:: WHAT YOU SHOULD DO ::
From the first line to the last, restate the material word for word, omitting pictures.
-- INPUT RECORDS follows --
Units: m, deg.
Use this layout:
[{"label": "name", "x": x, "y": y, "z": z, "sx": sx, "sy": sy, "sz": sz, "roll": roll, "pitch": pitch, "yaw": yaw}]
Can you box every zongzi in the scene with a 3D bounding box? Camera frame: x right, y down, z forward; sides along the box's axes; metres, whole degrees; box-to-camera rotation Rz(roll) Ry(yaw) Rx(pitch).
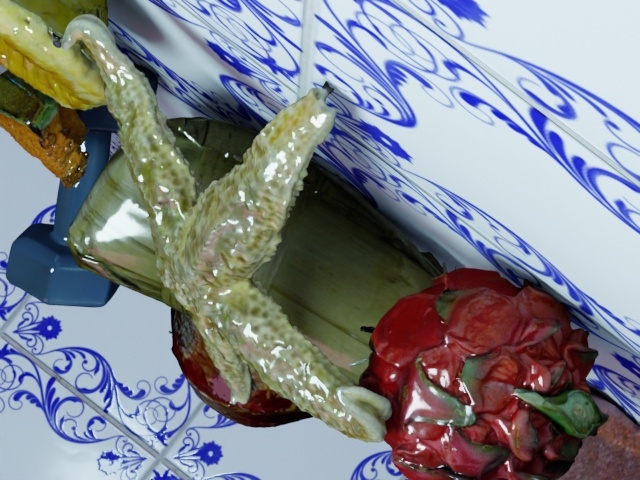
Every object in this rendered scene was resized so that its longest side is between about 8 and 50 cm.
[{"label": "zongzi", "x": -0.002, "y": -0.002, "z": 1.884, "sx": 0.500, "sy": 0.218, "sz": 0.467, "roll": 27, "pitch": -161, "yaw": 0}]

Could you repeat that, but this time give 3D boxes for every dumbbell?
[{"label": "dumbbell", "x": -0.304, "y": -0.078, "z": 2.059, "sx": 0.156, "sy": 0.316, "sz": 0.144, "roll": 25, "pitch": -158, "yaw": 31}]

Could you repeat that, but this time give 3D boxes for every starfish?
[{"label": "starfish", "x": -0.081, "y": -0.011, "z": 1.473, "sx": 0.324, "sy": 0.082, "sz": 0.432, "roll": 2, "pitch": 112, "yaw": 52}]

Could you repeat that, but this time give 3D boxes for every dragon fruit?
[{"label": "dragon fruit", "x": 0.131, "y": 0.139, "z": 1.537, "sx": 0.234, "sy": 0.233, "sz": 0.293, "roll": 41, "pitch": 156, "yaw": -28}]

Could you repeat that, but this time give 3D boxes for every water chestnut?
[{"label": "water chestnut", "x": -0.058, "y": 0.103, "z": 2.409, "sx": 0.350, "sy": 0.350, "sz": 0.302, "roll": 35, "pitch": 132, "yaw": 27}]

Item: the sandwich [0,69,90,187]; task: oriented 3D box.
[{"label": "sandwich", "x": -0.323, "y": -0.145, "z": 1.872, "sx": 0.159, "sy": 0.079, "sz": 0.235, "roll": 43, "pitch": 170, "yaw": -2}]

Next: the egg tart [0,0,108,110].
[{"label": "egg tart", "x": -0.328, "y": -0.268, "z": 1.668, "sx": 0.341, "sy": 0.132, "sz": 0.341, "roll": 36, "pitch": 173, "yaw": 5}]

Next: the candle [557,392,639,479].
[{"label": "candle", "x": 0.304, "y": 0.315, "z": 1.876, "sx": 0.287, "sy": 0.316, "sz": 0.131, "roll": -7, "pitch": -163, "yaw": -31}]
-- INPUT RECORDS concluded --
:: RESPONSE AREA ::
Units: m, deg.
Use this layout:
[{"label": "name", "x": x, "y": y, "z": z, "sx": sx, "sy": sy, "sz": sz, "roll": roll, "pitch": pitch, "yaw": yaw}]
Can you box every zongzi in the scene with a 3D bounding box? Camera frame: x right, y down, z forward; sides along the box's axes; metres, whole degrees; box-to-camera rotation Rz(roll) Ry(yaw) Rx(pitch).
Every object in this rendered scene was resized so that its longest side is between about 8 and 50 cm.
[{"label": "zongzi", "x": -0.002, "y": -0.002, "z": 1.884, "sx": 0.500, "sy": 0.218, "sz": 0.467, "roll": 27, "pitch": -161, "yaw": 0}]

Could you repeat that, but this time give 3D boxes for every dumbbell?
[{"label": "dumbbell", "x": -0.304, "y": -0.078, "z": 2.059, "sx": 0.156, "sy": 0.316, "sz": 0.144, "roll": 25, "pitch": -158, "yaw": 31}]

Could you repeat that, but this time give 3D boxes for every starfish?
[{"label": "starfish", "x": -0.081, "y": -0.011, "z": 1.473, "sx": 0.324, "sy": 0.082, "sz": 0.432, "roll": 2, "pitch": 112, "yaw": 52}]

Could you repeat that, but this time give 3D boxes for every dragon fruit?
[{"label": "dragon fruit", "x": 0.131, "y": 0.139, "z": 1.537, "sx": 0.234, "sy": 0.233, "sz": 0.293, "roll": 41, "pitch": 156, "yaw": -28}]

Could you repeat that, but this time give 3D boxes for every water chestnut?
[{"label": "water chestnut", "x": -0.058, "y": 0.103, "z": 2.409, "sx": 0.350, "sy": 0.350, "sz": 0.302, "roll": 35, "pitch": 132, "yaw": 27}]

Item: the sandwich [0,69,90,187]; task: oriented 3D box.
[{"label": "sandwich", "x": -0.323, "y": -0.145, "z": 1.872, "sx": 0.159, "sy": 0.079, "sz": 0.235, "roll": 43, "pitch": 170, "yaw": -2}]

Next: the egg tart [0,0,108,110].
[{"label": "egg tart", "x": -0.328, "y": -0.268, "z": 1.668, "sx": 0.341, "sy": 0.132, "sz": 0.341, "roll": 36, "pitch": 173, "yaw": 5}]

Next: the candle [557,392,639,479].
[{"label": "candle", "x": 0.304, "y": 0.315, "z": 1.876, "sx": 0.287, "sy": 0.316, "sz": 0.131, "roll": -7, "pitch": -163, "yaw": -31}]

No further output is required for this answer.